§ **What you will do**
Word for word, copy the line containing "Answer: 1037.5 What" and each line after it in the records below, ending with the last line.

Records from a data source
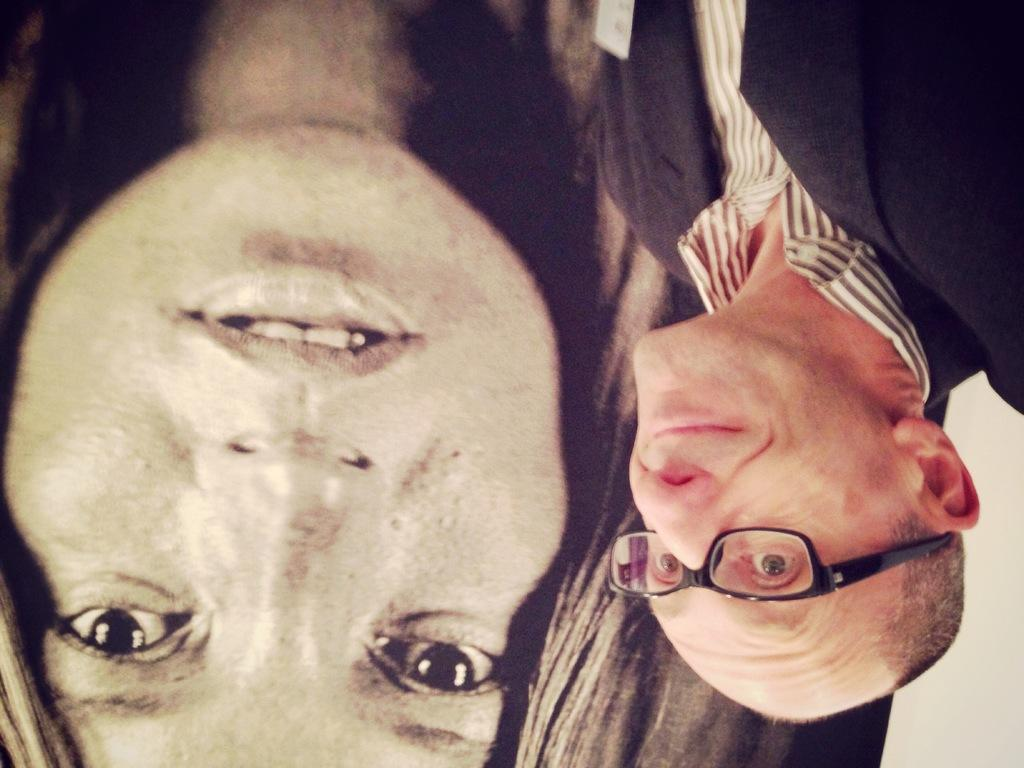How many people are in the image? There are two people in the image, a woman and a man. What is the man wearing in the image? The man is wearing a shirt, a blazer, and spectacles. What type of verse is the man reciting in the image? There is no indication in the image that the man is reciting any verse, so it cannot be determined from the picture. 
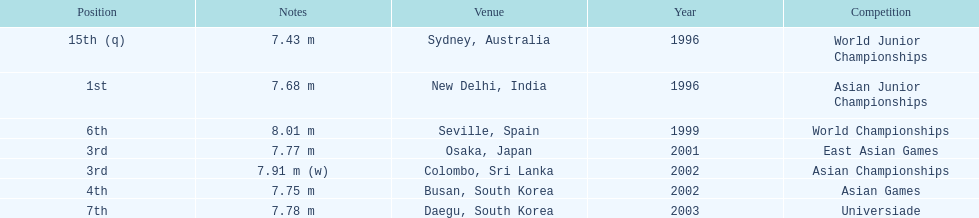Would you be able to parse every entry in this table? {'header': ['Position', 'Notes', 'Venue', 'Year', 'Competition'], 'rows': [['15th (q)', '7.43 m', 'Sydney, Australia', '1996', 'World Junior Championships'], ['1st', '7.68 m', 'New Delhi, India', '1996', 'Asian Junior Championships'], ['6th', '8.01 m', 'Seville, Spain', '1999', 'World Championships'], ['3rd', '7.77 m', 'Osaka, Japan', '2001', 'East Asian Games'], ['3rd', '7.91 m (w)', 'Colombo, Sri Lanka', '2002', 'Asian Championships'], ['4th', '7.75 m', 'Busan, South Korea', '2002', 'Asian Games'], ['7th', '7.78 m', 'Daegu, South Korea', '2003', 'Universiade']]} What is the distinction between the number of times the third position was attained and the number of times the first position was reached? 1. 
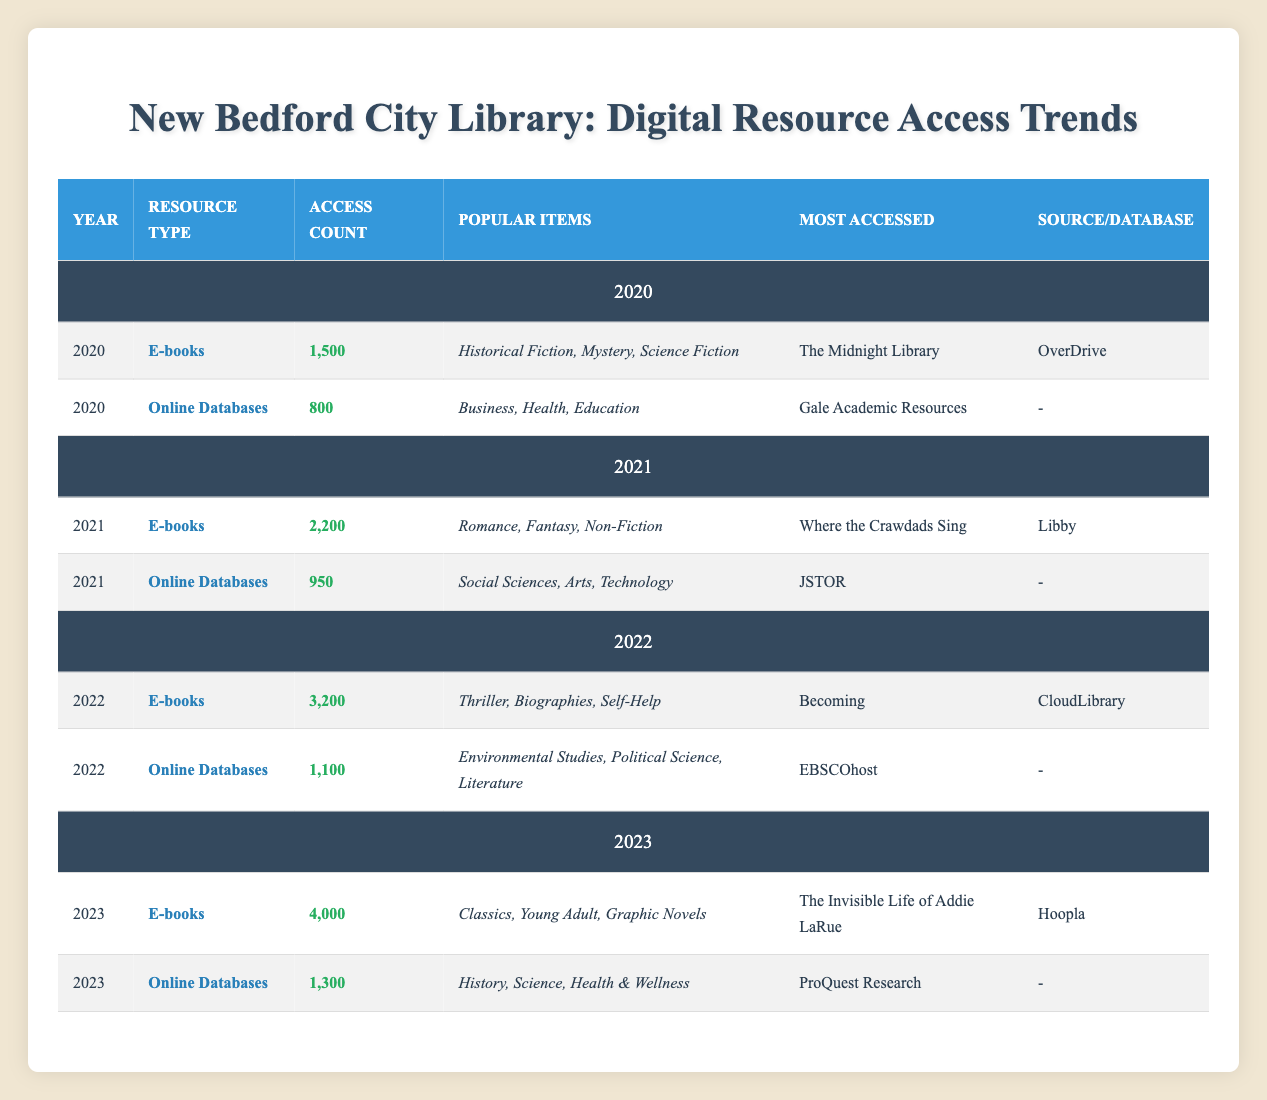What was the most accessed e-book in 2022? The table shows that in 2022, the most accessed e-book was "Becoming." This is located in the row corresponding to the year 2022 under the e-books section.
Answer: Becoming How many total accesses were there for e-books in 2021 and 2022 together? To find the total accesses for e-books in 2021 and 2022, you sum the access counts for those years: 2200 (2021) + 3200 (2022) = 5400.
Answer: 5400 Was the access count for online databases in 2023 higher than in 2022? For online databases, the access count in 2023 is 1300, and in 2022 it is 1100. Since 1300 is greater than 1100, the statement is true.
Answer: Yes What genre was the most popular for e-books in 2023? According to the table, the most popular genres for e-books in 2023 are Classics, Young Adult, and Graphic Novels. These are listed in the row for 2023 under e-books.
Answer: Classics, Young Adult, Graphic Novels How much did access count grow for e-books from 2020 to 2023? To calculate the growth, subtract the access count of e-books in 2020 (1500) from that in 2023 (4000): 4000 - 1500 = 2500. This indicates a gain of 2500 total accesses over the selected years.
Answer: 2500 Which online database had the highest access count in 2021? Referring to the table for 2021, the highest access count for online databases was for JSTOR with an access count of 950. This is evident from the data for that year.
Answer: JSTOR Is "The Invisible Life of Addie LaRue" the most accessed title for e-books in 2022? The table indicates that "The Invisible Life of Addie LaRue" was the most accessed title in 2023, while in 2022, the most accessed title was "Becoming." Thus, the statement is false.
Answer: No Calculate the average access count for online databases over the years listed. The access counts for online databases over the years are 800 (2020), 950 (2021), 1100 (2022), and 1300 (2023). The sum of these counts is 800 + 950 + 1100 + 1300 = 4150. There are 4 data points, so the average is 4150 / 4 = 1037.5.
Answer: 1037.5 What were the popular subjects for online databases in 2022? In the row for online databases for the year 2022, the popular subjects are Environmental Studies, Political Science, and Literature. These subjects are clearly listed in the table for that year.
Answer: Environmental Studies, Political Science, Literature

§ **Exercise result**
Answer: 1037.5 What were the popular subjects for online databases in 2022? In the row for online databases for the year 2022, the popular subjects are Environmental Studies, Political Science, and Literature. These subjects are clearly listed in the table for that year.
Answer: Environmental Studies, Political Science, Literature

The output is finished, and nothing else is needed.